Literary Society Prepares for 2014 Oracle


From left to right junior Literary Society member, Emily Mo, and President Jenny Nguyen selecting submissions for the Oracle. Photo by Jessica DePaula

The Malden High School Literary Society is responsible for one of MHS’s oldest traditions; the Oracle, America’s second-longest running annual literary magazine published by high schoolers. The Oracle was born 142 years ago when the MHS Literary Society decided to take the writing talents of the school public; back then, it was a biweekly publication similar to The Blue and Gold.

Over time, the magazine turned into one of almost exclusive creative works, even winning an award recognizing their achievements from the National Teacher’s Council for last year’s publication. Current president, junior Jenny Nguyen, states that their submissions are “mostly poetry, usually really dark emotional poems or stories, with the occasional short story.” Layout and design began on May 2, with a print date to be determined later.

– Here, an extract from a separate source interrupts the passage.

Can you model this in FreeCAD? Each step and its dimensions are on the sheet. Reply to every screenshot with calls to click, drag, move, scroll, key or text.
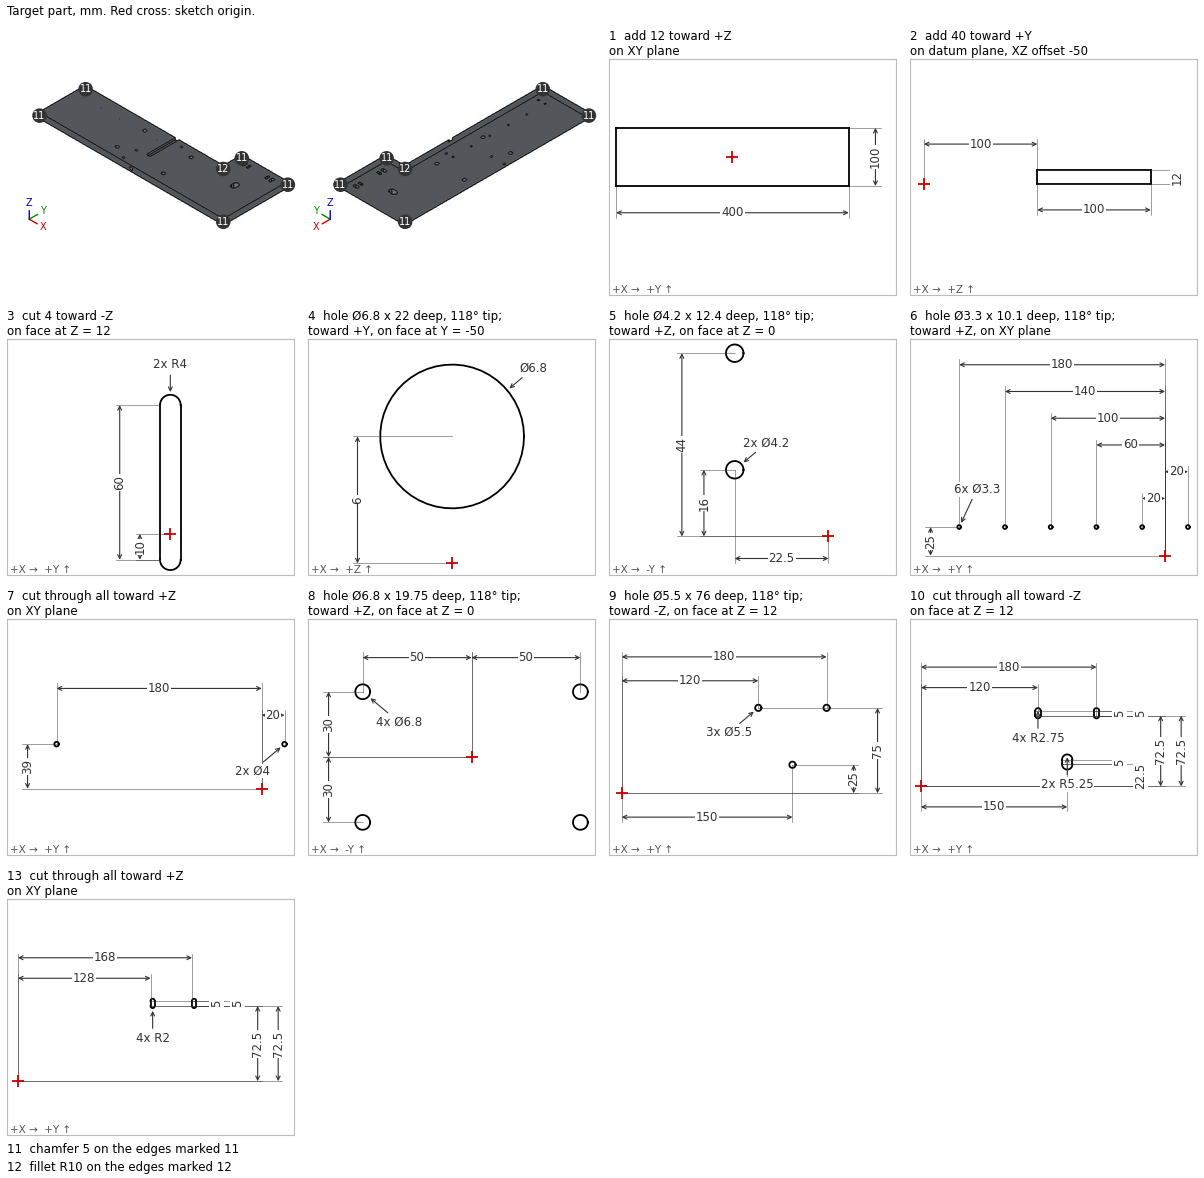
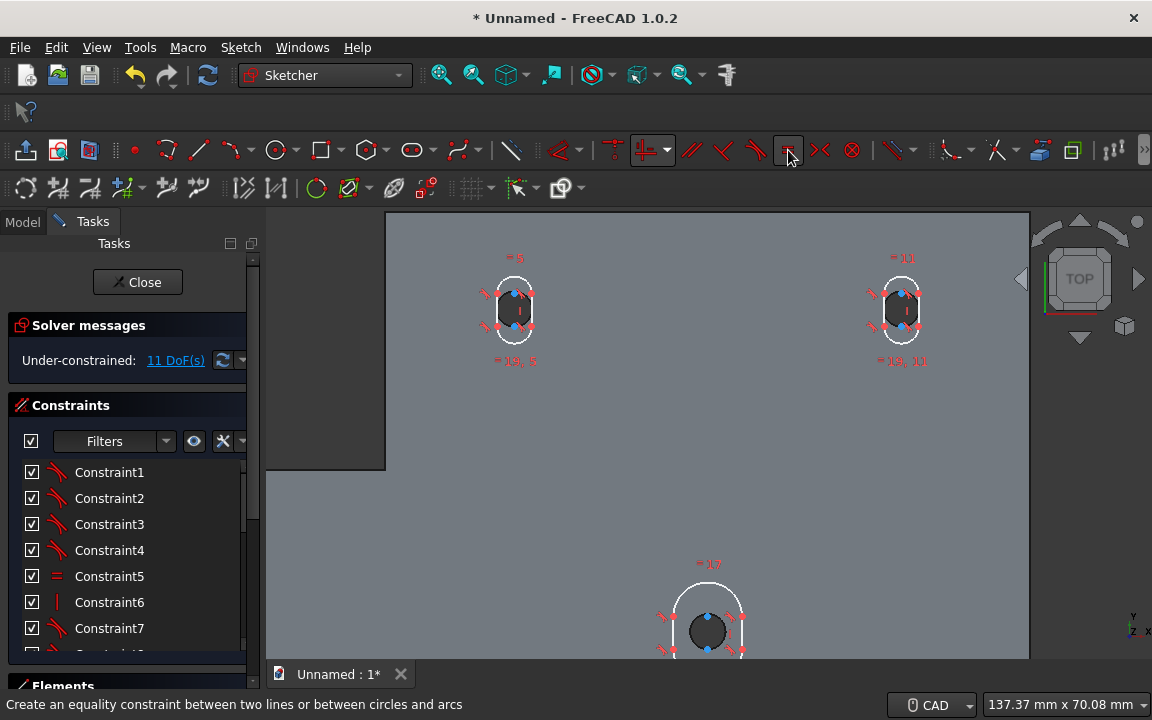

A star system is used to determine which submissions will make the final cut, with five stars being a definite and four a most likely; the rest will be debated and analyzed by the club in order to determine admission. Junior Sarah Trinh claims she looks for originality above all else in a submission, as she really enjoys “dynamic” writing. The Oracle also strives to highlight the talents of MHS art students, and the members have taken trips to the art classes and selected work they feel fits the tone of the magazine; the art teachers are always a great help throughout this process, “point[ing] out which projects are really good.”

Trinh elaborates on the topic of submissions, bemoaning the fact that she” feels they could get more” every year, as it is “a struggle to get people to submit.” Another member, junior Katie Mai, thoughtfully says she thinks the reason for this is that “most people don’t have enough time” to write nowadays, but that their “little, secluded club” has blossomed recently. Junior Emily Mo, who just joined this December, says that she loves the club despite it being a big commitment. Mo stated that a few submissions were denied because they were “obviously essays written for English class,” but wants to the school to know that “everyone’s work is up for consideration.”

All members agree that the Oracle plays an important part in the school; Nguyen stresses that it allows students to express emotions that they normally wouldn’t, while Trinh likes that the Oracle gives students an outlet for expression, especially since MHS “has a lot of writers that don’t show themselves because they’re embarrassed.” Trinh also likes the ” life and brightness” creative electives and clubs add to the school; “it would be really bland and boring without them,” she emphasizes.